Ken Rockwell was an early victim:

Three People Injured In Freak Oversaturation Accident.


----------



## limr (Dec 18, 2013)

Good snark. It hits oversaturation, nanny state legislation, and even snuck in cat videos at the end.


----------



## Braineack (Dec 18, 2013)

If three people were injured from oversaturation, how many have died from tonemapping?  And where can I find all their kitties to keep?


----------



## DarkShadow (Dec 18, 2013)

My eye has changed since I first started shooting about 10 months ago digital. I like more life like colors then over saturation and in some cases love B&W more so then color. The photo above is a good example of over the top and as cartoonish as it gets.


----------



## astroNikon (Dec 18, 2013)

Funny
I've played with the saturation slider recently.  But then I've seen too many Rockwells to know what damage can occur.


----------



## Derrel (Dec 18, 2013)

Funny, I thought you would highlight, "Amazon Crushes Last Small Camera Shop in America, Celebrates"...

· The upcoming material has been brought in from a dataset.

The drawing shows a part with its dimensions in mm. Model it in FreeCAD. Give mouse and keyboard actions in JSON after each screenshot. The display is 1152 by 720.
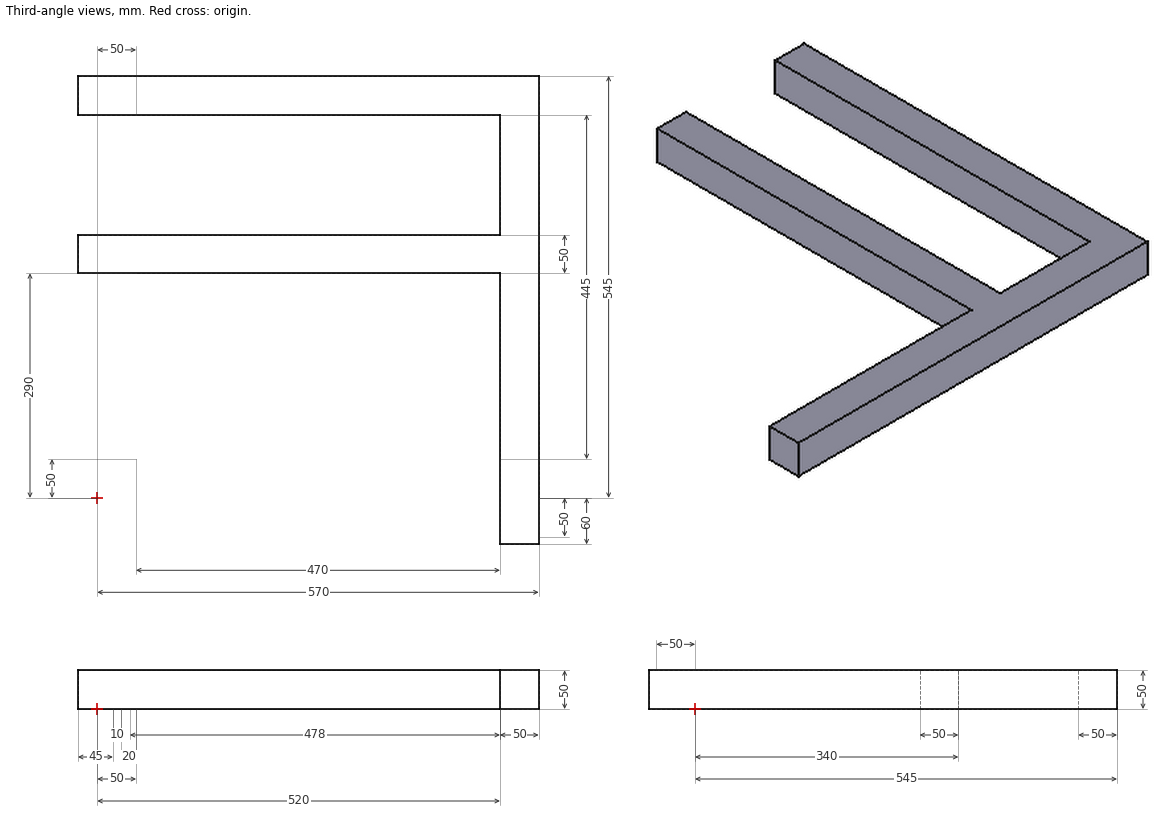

Amazon Crushes Last Small Camera Shop in America, Celebrates


----------



## runnah (Dec 18, 2013)

Derrel said:


> Funny, I thought you would highlight, "Amazon Crushes Last Small Camera Shop in America, Celebrates"...
> 
> Amazon Crushes Last Small Camera Shop in America, Celebrates



Believe it or not I've ordered only one camera related item from amazon. The rest comes from that small mom and pop store B&H. 

Sadly our last local (45mins away) store closed.


----------



## Braineack (Dec 18, 2013)

astroNikon said:


> Funny
> I've played with the saturation slider recently.  But then I've seen too many Rockwells to know what damage can occur.



I almost never touch the saturation slider, but I will push the vibrance one.  This typically will allow the dulled colors to be intensified, while leaving the others alone, to get a better balance of color intensity/saturation.


----------



## vintagesnaps (Dec 18, 2013)

Yeah, but, it goes to 11! (Spinal Tap anyone?)


----------



## limr (Dec 18, 2013)

vintagesnaps said:


> Yeah, but, it goes to 11! (Spinal Tap anyone?)



Because it's one louder. *chomp chomp chomp*


----------